THE INVESTMENT ADVISER AND ADMINISTRATOR

        W. H. Reaves & Company is the Fund's Adviser and its business address is 10 Exchange Place, Jersey City, New Jersey 07302.

        ALPS is the administrator of the Fund and its business address is 1625 Broadway, Suite 2200, Denver, Colorado 80202.

COMPLIANCE WITH THE SECURITIES EXCHANGE ACT OF 1934

        Section 16(a) of the 1934 Act and Section 30(h) of the 1940 Act, and the rules thereunder, require the Fund's officers and Trustees, officers and Directors of the Adviser, affiliated persons of the Adviser, and persons who own more than 10% of a registered class of the Fund's Shares, to file reports of ownership and changes in ownership with the SEC and the AMEX and to furnish the Fund with copies of all Section 16(a) forms they file. Based solely on the Fund's review of the copies of such forms it receives, the Fund believes that during the calendar year ended 2004, such persons complied with all such applicable filing requirements.

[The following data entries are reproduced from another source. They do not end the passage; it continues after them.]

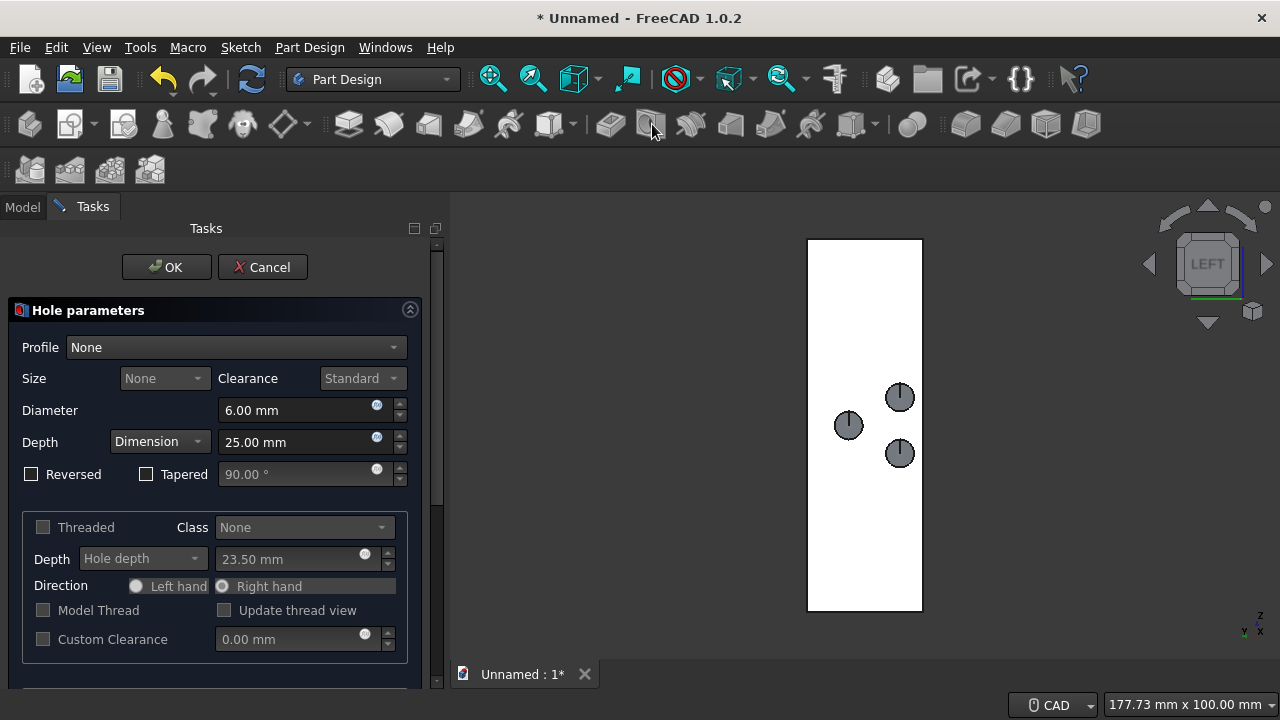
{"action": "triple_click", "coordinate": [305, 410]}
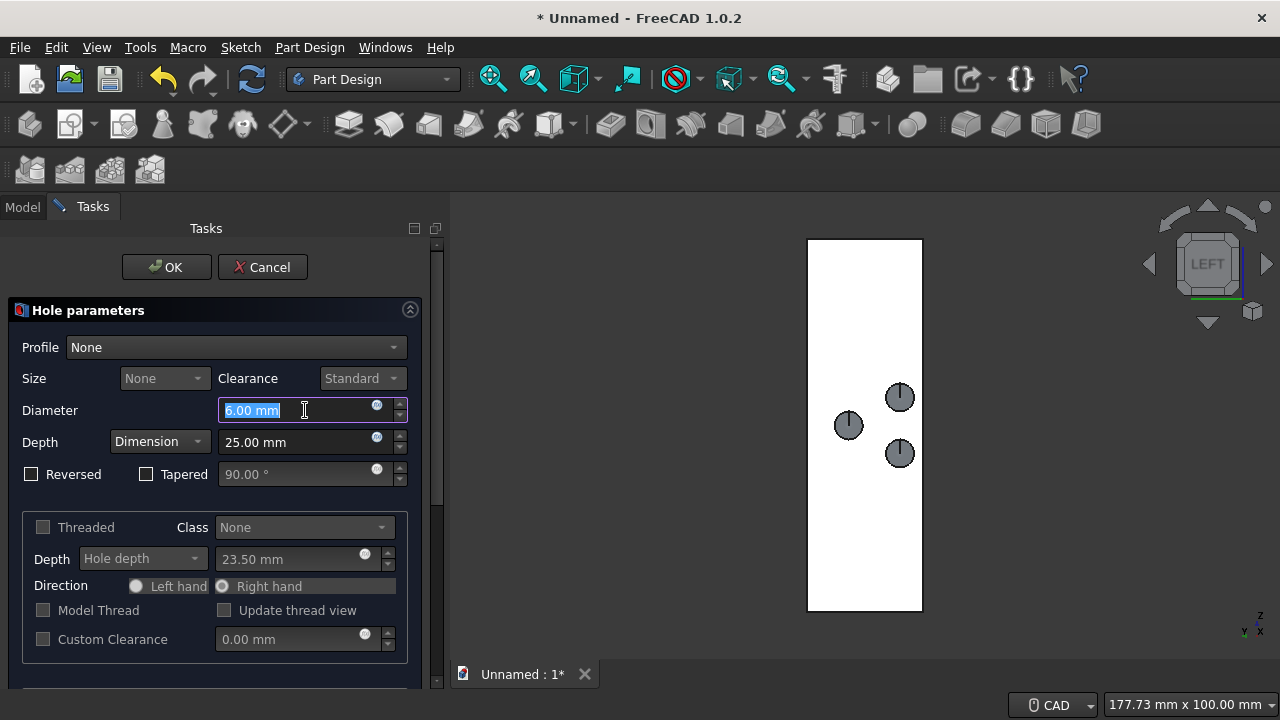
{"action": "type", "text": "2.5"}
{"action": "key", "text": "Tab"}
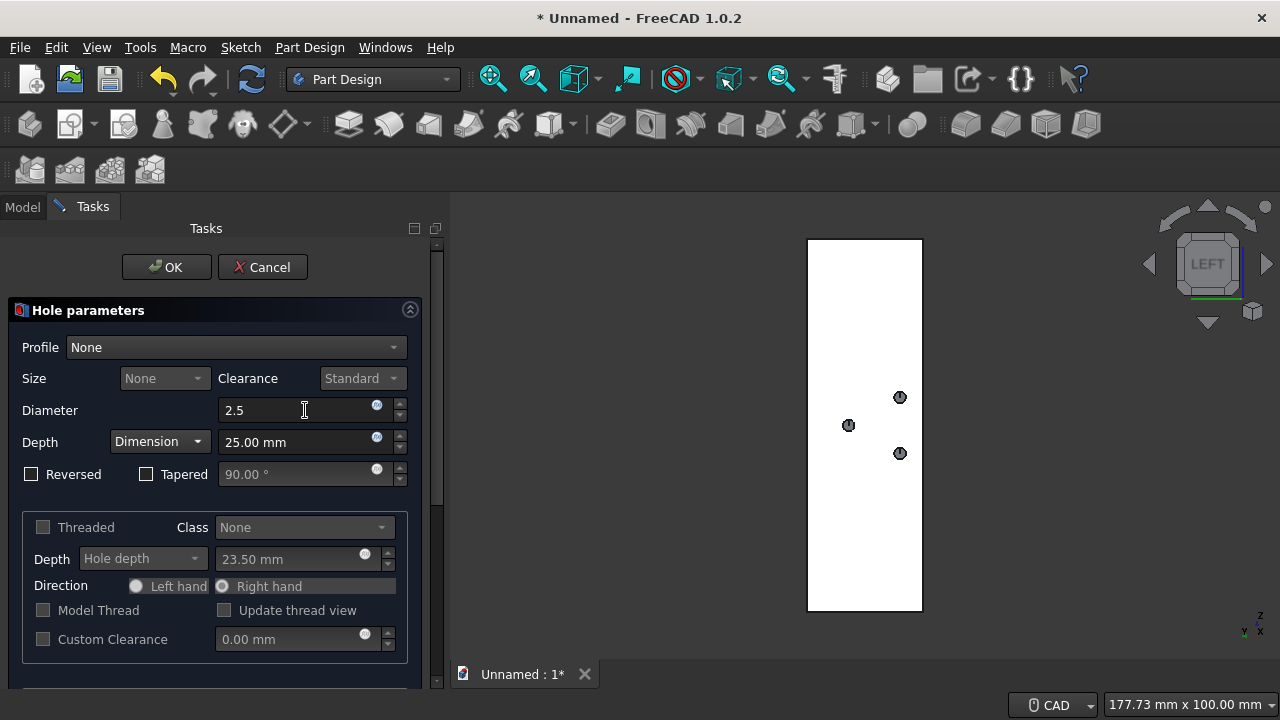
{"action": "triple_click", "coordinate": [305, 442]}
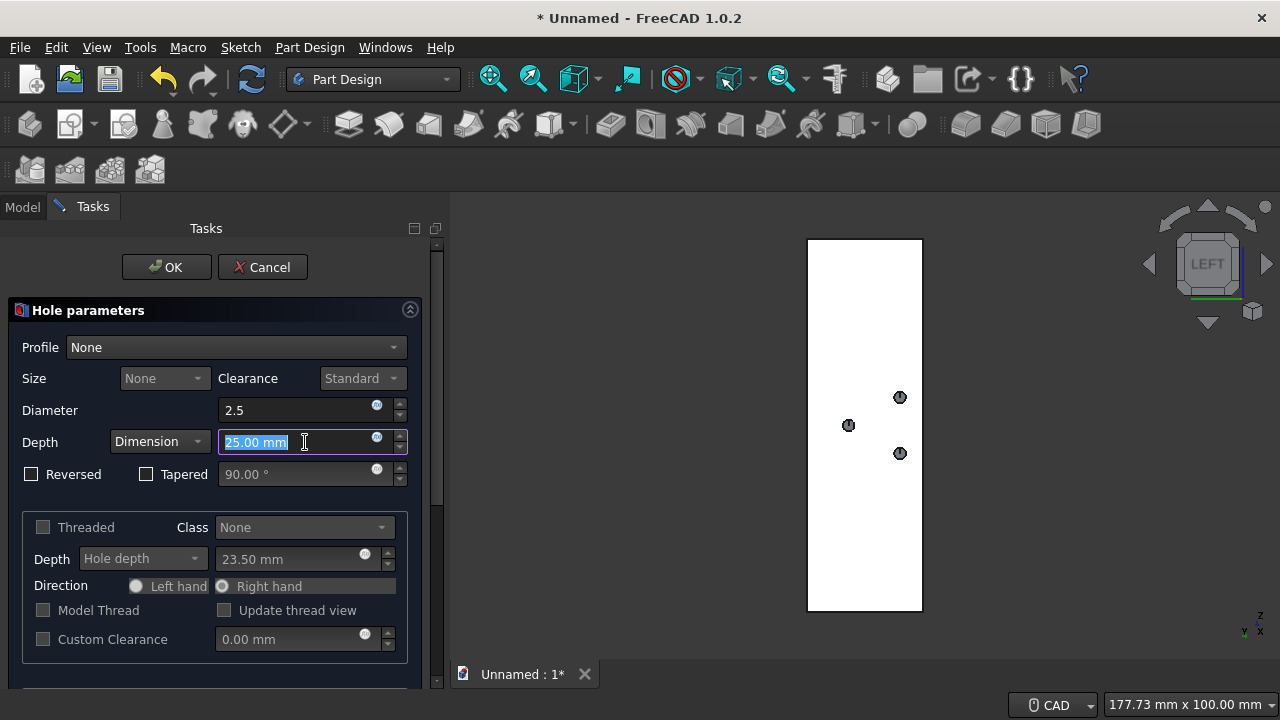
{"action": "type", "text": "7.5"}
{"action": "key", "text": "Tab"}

BROKER NON-VOTES AND ABSTENTIONS

        The affirmative vote of a plurality of votes cast for each Nominee by the holders entitled to vote for a particular Nominee is necessary for the election of a Nominee. However, for the approval of the existing investment advisory agreement, an affirmative vote of a majority (as defined in the 1940 Act) of votes cast is necessary.

        For the purpose of approving the existing advisory agreement and electing Nominees, abstentions or broker non-votes will not be counted as votes cast and will have no effect on the result of the election. Abstentions or broker non-votes, however, will be considered to be present at the Meeting for purposes of determining the existence of a quorum.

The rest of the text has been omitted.